It seams you're argument is something like this:
let ##f(n) = 2n##, this is a one-one and onto mapping of the natural numbers onto the even natural numbers.
Let ##L## be the enumeration/list ##2, 4, 6, 8, ...## . And let's call ##L## a thing, a complete object.
Now suppose you want to take ##L## and concatenate some more numbers, say ##3k##, for all ##k## in ##N##, to make an extended list, ##L'## . (For now let's ignore the problems with the idea of concatenating to an infinite list. )
Well, wait a minute, isn't there a problem? Because if we add these new numbers, we need new rows/natural numbers to correspond them to, but we've used them all up. It seams there is a contradiction since ##L'## is a subset of ##N##, yet we can't seam to construct ##L'## from ##L## in a way that preserves a bijection.

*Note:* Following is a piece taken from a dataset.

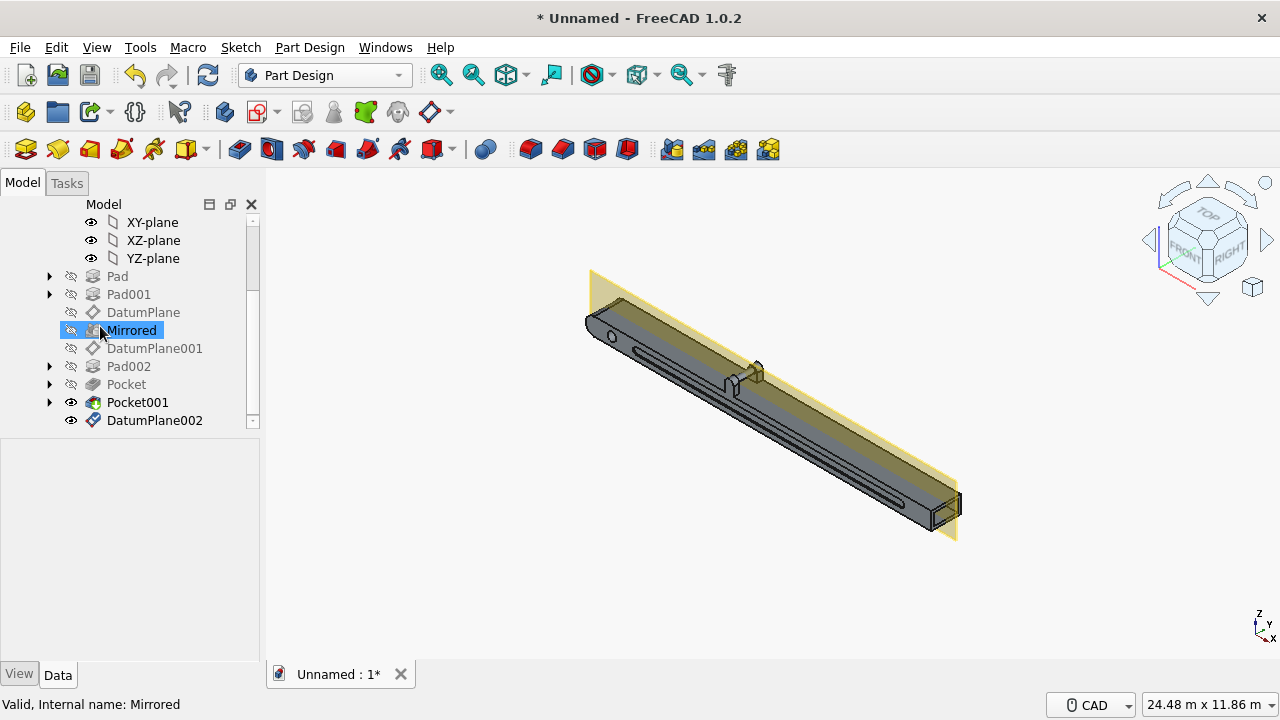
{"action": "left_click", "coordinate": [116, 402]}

It would seam that ##g(n)=L'_n## is not a bijection with ##\{L'_i \mid i \in N\}## and ##N##, so does this imply that ##|\{L'_i \mid i \in N\}| > |N|##, a contradiction since it's a subset of ##N##? What in the world is ##g(n) = L'_n## if not ##f(n)## which it cannot always be? Conclusion? Well, you can't concatenate to the end of an infinite list can you?

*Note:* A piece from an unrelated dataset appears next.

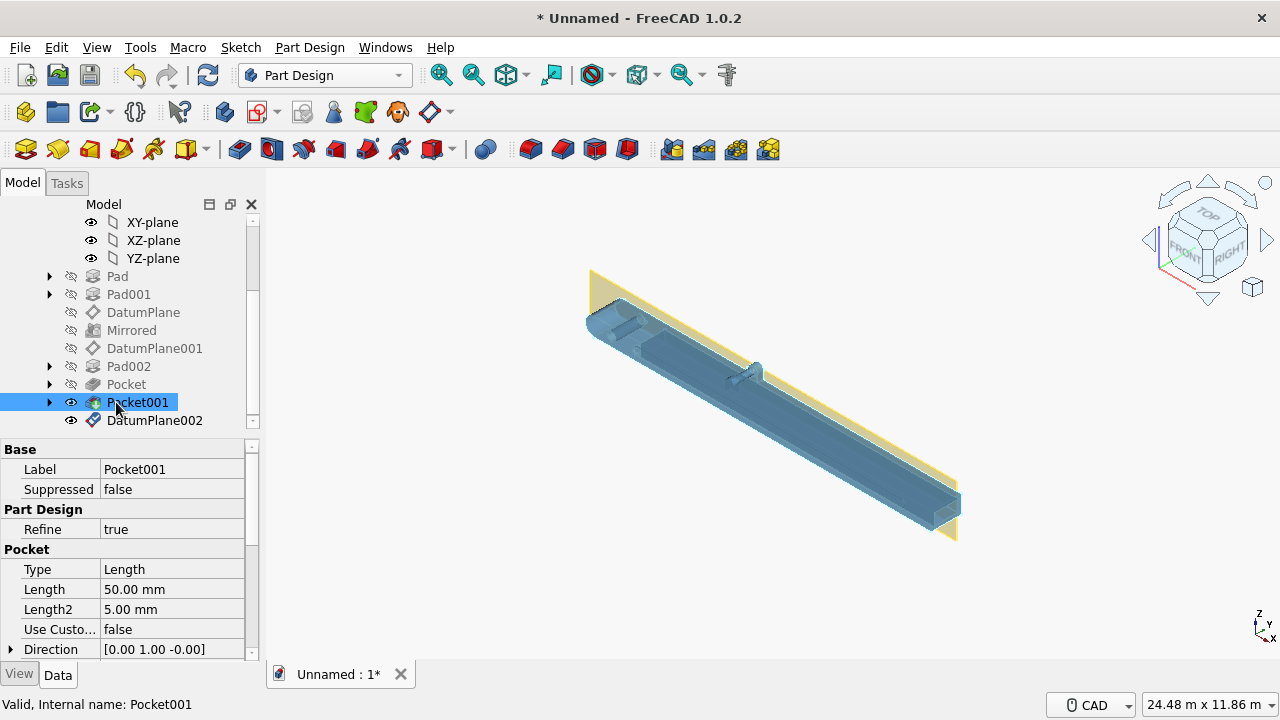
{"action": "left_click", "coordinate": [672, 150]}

Actually, IMO, infinite enumerations should be considered as a processes. What does it mean to concatenate processes? Not the same thing as what one imagines when they think of concatenating two lists. In this view, diagionlization would perhaps be considered a coupled and synchronized process in which for each step of process 1, there is a step of process 2, yet there is no final step.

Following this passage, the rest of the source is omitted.